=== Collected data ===

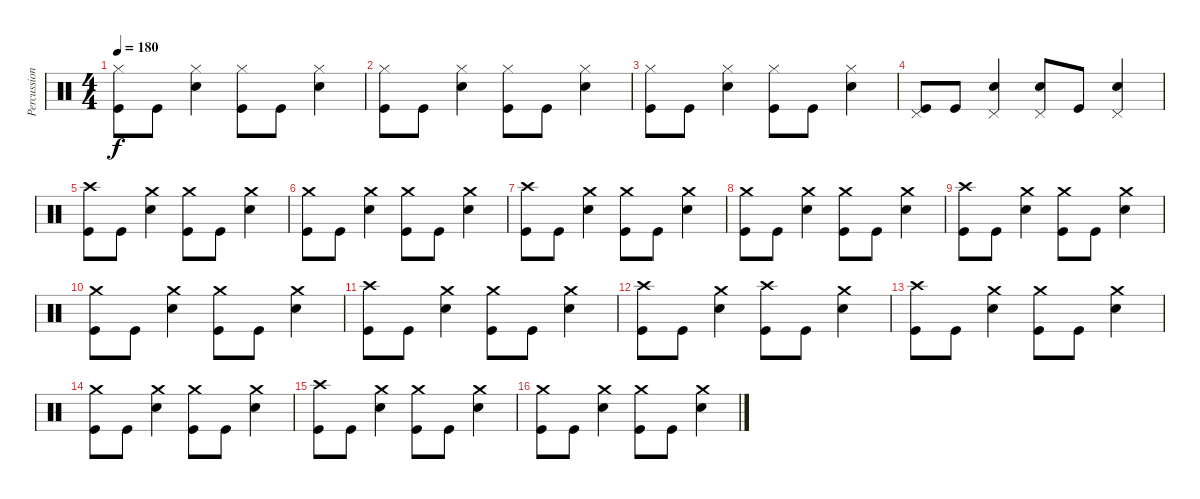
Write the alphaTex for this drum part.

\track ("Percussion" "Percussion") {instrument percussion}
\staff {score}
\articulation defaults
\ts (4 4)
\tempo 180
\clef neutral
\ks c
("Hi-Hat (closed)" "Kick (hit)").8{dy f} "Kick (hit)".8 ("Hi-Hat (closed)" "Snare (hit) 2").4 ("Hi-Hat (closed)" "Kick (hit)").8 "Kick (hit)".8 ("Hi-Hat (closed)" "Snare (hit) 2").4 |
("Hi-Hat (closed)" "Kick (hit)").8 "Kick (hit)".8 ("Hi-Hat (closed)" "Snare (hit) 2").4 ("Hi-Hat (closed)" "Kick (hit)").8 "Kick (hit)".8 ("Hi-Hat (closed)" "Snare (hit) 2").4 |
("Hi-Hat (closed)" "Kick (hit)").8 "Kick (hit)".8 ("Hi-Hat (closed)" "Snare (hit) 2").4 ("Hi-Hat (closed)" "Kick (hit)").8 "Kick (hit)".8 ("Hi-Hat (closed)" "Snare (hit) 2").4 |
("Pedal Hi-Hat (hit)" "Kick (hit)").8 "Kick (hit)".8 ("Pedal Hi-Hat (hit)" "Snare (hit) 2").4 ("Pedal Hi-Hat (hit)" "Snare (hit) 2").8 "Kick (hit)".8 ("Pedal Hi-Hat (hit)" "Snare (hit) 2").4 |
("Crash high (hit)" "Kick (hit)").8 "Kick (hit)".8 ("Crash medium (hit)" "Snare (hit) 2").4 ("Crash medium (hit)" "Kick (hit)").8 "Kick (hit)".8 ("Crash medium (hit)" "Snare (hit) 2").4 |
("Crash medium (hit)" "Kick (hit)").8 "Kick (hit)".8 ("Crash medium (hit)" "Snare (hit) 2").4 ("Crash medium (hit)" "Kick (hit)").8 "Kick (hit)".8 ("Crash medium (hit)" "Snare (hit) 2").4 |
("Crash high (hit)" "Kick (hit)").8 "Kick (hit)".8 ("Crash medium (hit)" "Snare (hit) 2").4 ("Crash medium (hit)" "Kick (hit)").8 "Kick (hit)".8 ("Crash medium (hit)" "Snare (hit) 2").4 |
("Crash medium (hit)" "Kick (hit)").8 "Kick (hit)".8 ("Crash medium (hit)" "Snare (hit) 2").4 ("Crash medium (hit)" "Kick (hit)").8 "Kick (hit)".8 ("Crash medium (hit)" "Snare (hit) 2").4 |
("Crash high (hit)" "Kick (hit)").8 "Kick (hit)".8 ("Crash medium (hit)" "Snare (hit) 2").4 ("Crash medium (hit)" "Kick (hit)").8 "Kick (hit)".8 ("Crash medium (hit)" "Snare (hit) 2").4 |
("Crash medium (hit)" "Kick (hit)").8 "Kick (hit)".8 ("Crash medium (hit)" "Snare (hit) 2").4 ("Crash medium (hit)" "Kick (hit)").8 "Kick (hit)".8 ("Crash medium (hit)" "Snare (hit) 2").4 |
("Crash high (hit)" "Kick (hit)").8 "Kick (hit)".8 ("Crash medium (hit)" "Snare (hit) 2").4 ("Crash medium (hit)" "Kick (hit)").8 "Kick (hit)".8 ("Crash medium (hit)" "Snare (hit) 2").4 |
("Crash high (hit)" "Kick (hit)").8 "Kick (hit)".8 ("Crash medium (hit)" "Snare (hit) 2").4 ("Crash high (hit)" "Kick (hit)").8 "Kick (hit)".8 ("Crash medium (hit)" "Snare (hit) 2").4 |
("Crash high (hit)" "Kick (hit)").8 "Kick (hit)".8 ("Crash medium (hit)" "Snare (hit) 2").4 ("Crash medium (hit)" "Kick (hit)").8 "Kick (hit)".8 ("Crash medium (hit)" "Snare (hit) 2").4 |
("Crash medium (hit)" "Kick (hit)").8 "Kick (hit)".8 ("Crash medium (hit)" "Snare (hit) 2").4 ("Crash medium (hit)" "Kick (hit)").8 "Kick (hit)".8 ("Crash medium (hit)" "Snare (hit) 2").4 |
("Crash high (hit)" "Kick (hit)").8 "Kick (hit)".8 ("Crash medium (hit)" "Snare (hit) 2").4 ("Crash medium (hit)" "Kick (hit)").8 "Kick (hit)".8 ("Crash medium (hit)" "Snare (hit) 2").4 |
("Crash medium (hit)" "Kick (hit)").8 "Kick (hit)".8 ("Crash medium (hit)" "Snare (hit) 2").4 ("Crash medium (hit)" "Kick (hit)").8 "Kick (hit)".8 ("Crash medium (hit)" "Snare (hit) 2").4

=== Instructions for the task ===
Copy each entry exactly, with no pictures.

=== Task response ===
Write the alphaTex for this drum part.

\track ("Percussion" "Percussion") {instrument percussion}
\staff {score}
\articulation defaults
\ts (4 4)
\tempo 180
\clef neutral
\ks c
("Hi-Hat (closed)" "Kick (hit)").8{dy f} "Kick (hit)".8 ("Hi-Hat (closed)" "Snare (hit) 2").4 ("Hi-Hat (closed)" "Kick (hit)").8 "Kick (hit)".8 ("Hi-Hat (closed)" "Snare (hit) 2").4 |
("Hi-Hat (closed)" "Kick (hit)").8 "Kick (hit)".8 ("Hi-Hat (closed)" "Snare (hit) 2").4 ("Hi-Hat (closed)" "Kick (hit)").8 "Kick (hit)".8 ("Hi-Hat (closed)" "Snare (hit) 2").4 |
("Hi-Hat (closed)" "Kick (hit)").8 "Kick (hit)".8 ("Hi-Hat (closed)" "Snare (hit) 2").4 ("Hi-Hat (closed)" "Kick (hit)").8 "Kick (hit)".8 ("Hi-Hat (closed)" "Snare (hit) 2").4 |
("Pedal Hi-Hat (hit)" "Kick (hit)").8 "Kick (hit)".8 ("Pedal Hi-Hat (hit)" "Snare (hit) 2").4 ("Pedal Hi-Hat (hit)" "Snare (hit) 2").8 "Kick (hit)".8 ("Pedal Hi-Hat (hit)" "Snare (hit) 2").4 |
("Crash high (hit)" "Kick (hit)").8 "Kick (hit)".8 ("Crash medium (hit)" "Snare (hit) 2").4 ("Crash medium (hit)" "Kick (hit)").8 "Kick (hit)".8 ("Crash medium (hit)" "Snare (hit) 2").4 |
("Crash medium (hit)" "Kick (hit)").8 "Kick (hit)".8 ("Crash medium (hit)" "Snare (hit) 2").4 ("Crash medium (hit)" "Kick (hit)").8 "Kick (hit)".8 ("Crash medium (hit)" "Snare (hit) 2").4 |
("Crash high (hit)" "Kick (hit)").8 "Kick (hit)".8 ("Crash medium (hit)" "Snare (hit) 2").4 ("Crash medium (hit)" "Kick (hit)").8 "Kick (hit)".8 ("Crash medium (hit)" "Snare (hit) 2").4 |
("Crash medium (hit)" "Kick (hit)").8 "Kick (hit)".8 ("Crash medium (hit)" "Snare (hit) 2").4 ("Crash medium (hit)" "Kick (hit)").8 "Kick (hit)".8 ("Crash medium (hit)" "Snare (hit) 2").4 |
("Crash high (hit)" "Kick (hit)").8 "Kick (hit)".8 ("Crash medium (hit)" "Snare (hit) 2").4 ("Crash medium (hit)" "Kick (hit)").8 "Kick (hit)".8 ("Crash medium (hit)" "Snare (hit) 2").4 |
("Crash medium (hit)" "Kick (hit)").8 "Kick (hit)".8 ("Crash medium (hit)" "Snare (hit) 2").4 ("Crash medium (hit)" "Kick (hit)").8 "Kick (hit)".8 ("Crash medium (hit)" "Snare (hit) 2").4 |
("Crash high (hit)" "Kick (hit)").8 "Kick (hit)".8 ("Crash medium (hit)" "Snare (hit) 2").4 ("Crash medium (hit)" "Kick (hit)").8 "Kick (hit)".8 ("Crash medium (hit)" "Snare (hit) 2").4 |
("Crash high (hit)" "Kick (hit)").8 "Kick (hit)".8 ("Crash medium (hit)" "Snare (hit) 2").4 ("Crash high (hit)" "Kick (hit)").8 "Kick (hit)".8 ("Crash medium (hit)" "Snare (hit) 2").4 |
("Crash high (hit)" "Kick (hit)").8 "Kick (hit)".8 ("Crash medium (hit)" "Snare (hit) 2").4 ("Crash medium (hit)" "Kick (hit)").8 "Kick (hit)".8 ("Crash medium (hit)" "Snare (hit) 2").4 |
("Crash medium (hit)" "Kick (hit)").8 "Kick (hit)".8 ("Crash medium (hit)" "Snare (hit) 2").4 ("Crash medium (hit)" "Kick (hit)").8 "Kick (hit)".8 ("Crash medium (hit)" "Snare (hit) 2").4 |
("Crash high (hit)" "Kick (hit)").8 "Kick (hit)".8 ("Crash medium (hit)" "Snare (hit) 2").4 ("Crash medium (hit)" "Kick (hit)").8 "Kick (hit)".8 ("Crash medium (hit)" "Snare (hit) 2").4 |
("Crash medium (hit)" "Kick (hit)").8 "Kick (hit)".8 ("Crash medium (hit)" "Snare (hit) 2").4 ("Crash medium (hit)" "Kick (hit)").8 "Kick (hit)".8 ("Crash medium (hit)" "Snare (hit) 2").4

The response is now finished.